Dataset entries
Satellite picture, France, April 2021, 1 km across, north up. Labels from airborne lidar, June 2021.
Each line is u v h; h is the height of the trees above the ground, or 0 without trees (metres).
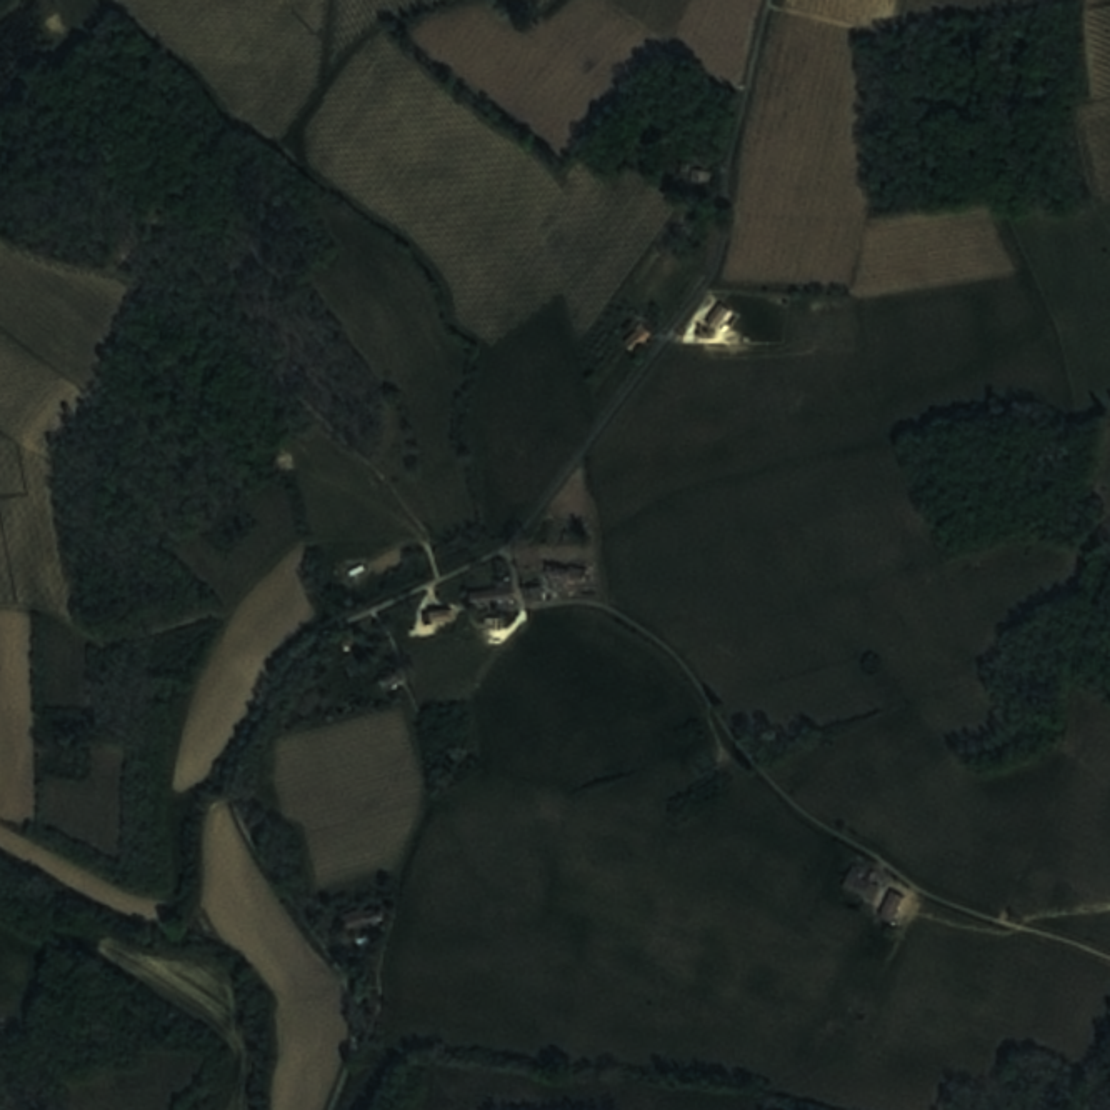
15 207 20
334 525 0
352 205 16
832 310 0
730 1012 0
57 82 24
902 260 0
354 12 0
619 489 0
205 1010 0
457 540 9
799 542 0
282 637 0
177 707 19
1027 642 23
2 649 0
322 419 18
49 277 0
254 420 28
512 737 0
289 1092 0
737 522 0
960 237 0
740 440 0
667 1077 26
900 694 0
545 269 0
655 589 0
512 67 0
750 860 0
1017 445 27
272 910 0
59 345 0
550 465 0
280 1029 0
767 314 0
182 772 0
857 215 0
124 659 16
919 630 0
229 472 22
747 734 19
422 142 0
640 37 0
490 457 0
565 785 0
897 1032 0
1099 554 21
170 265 20
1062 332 0
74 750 24
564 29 0
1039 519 21
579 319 0
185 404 22
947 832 0
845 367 0
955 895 0
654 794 0
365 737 0
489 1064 10
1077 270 0
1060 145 23
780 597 0
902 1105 0
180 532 22
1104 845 0
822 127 0
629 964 0
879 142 19
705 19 0
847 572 0
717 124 24
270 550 0
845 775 0
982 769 17
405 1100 22
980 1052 0
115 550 22
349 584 0
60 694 0
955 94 24
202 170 21
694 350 0
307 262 24
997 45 23
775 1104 15
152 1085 0
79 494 14
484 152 0
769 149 0
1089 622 21
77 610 16
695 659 0
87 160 24
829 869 0
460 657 0
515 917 0
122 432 23
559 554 0
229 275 18
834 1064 0
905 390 0
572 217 0
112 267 13
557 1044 0
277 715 13
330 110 0
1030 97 20
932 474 19
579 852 0
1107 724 0
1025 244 0
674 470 0
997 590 0
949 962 0
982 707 0
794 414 0
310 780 0
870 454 0
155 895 17
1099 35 0
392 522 0
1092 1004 0
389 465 0
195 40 0
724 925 0
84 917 22
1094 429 16
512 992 0
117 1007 15
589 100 0
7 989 0
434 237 0
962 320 0
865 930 0
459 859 0
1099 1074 19
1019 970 0
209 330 15
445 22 0
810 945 0
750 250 0
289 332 11
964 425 21
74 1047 21
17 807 0
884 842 0
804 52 0
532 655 0
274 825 16
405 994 0
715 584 0
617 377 0
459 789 0
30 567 0
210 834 0
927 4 0
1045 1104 19
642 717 0
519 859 0
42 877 19
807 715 0
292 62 0
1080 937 0
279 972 0
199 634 7
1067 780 0
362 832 0
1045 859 0
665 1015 0
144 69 26
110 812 0
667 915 0
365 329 0
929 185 17
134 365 24
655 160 26
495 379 0
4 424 0
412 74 0
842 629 0
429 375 0
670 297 0
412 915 0
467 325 0

* ACTIVITY *
Transcribe each entry exactly; images stay out.

* WRITTEN RESPONSE *
Satellite picture, France, April 2021, 1 km across, north up. Labels from airborne lidar, June 2021.
Each line is u v h; h is the height of the trees above the ground, or 0 without trees (metres).
15 207 20
334 525 0
352 205 16
832 310 0
730 1012 0
57 82 24
902 260 0
354 12 0
619 489 0
205 1010 0
457 540 9
799 542 0
282 637 0
177 707 19
1027 642 23
2 649 0
322 419 18
49 277 0
254 420 28
512 737 0
289 1092 0
737 522 0
960 237 0
740 440 0
667 1077 26
900 694 0
545 269 0
655 589 0
512 67 0
750 860 0
1017 445 27
272 910 0
59 345 0
550 465 0
280 1029 0
767 314 0
182 772 0
857 215 0
124 659 16
919 630 0
229 472 22
747 734 19
422 142 0
640 37 0
490 457 0
565 785 0
897 1032 0
1099 554 21
170 265 20
1062 332 0
74 750 24
564 29 0
1039 519 21
579 319 0
185 404 22
947 832 0
845 367 0
955 895 0
654 794 0
365 737 0
489 1064 10
1077 270 0
1060 145 23
780 597 0
902 1105 0
180 532 22
1104 845 0
822 127 0
629 964 0
879 142 19
705 19 0
847 572 0
717 124 24
270 550 0
845 775 0
982 769 17
405 1100 22
980 1052 0
115 550 22
349 584 0
60 694 0
955 94 24
202 170 21
694 350 0
307 262 24
997 45 23
775 1104 15
152 1085 0
79 494 14
484 152 0
769 149 0
1089 622 21
77 610 16
695 659 0
87 160 24
829 869 0
460 657 0
515 917 0
122 432 23
559 554 0
229 275 18
834 1064 0
905 390 0
572 217 0
112 267 13
557 1044 0
277 715 13
330 110 0
1030 97 20
932 474 19
579 852 0
1107 724 0
1025 244 0
674 470 0
997 590 0
949 962 0
982 707 0
794 414 0
310 780 0
870 454 0
155 895 17
1099 35 0
392 522 0
1092 1004 0
389 465 0
195 40 0
724 925 0
84 917 22
1094 429 16
512 992 0
117 1007 15
589 100 0
7 989 0
434 237 0
962 320 0
865 930 0
459 859 0
1099 1074 19
1019 970 0
209 330 15
445 22 0
810 945 0
750 250 0
289 332 11
964 425 21
74 1047 21
17 807 0
884 842 0
804 52 0
532 655 0
274 825 16
405 994 0
715 584 0
617 377 0
459 789 0
30 567 0
210 834 0
927 4 0
1045 1104 19
642 717 0
519 859 0
42 877 19
807 715 0
292 62 0
1080 937 0
279 972 0
199 634 7
1067 780 0
362 832 0
1045 859 0
665 1015 0
144 69 26
110 812 0
667 915 0
365 329 0
929 185 17
134 365 24
655 160 26
495 379 0
4 424 0
412 74 0
842 629 0
429 375 0
670 297 0
412 915 0
467 325 0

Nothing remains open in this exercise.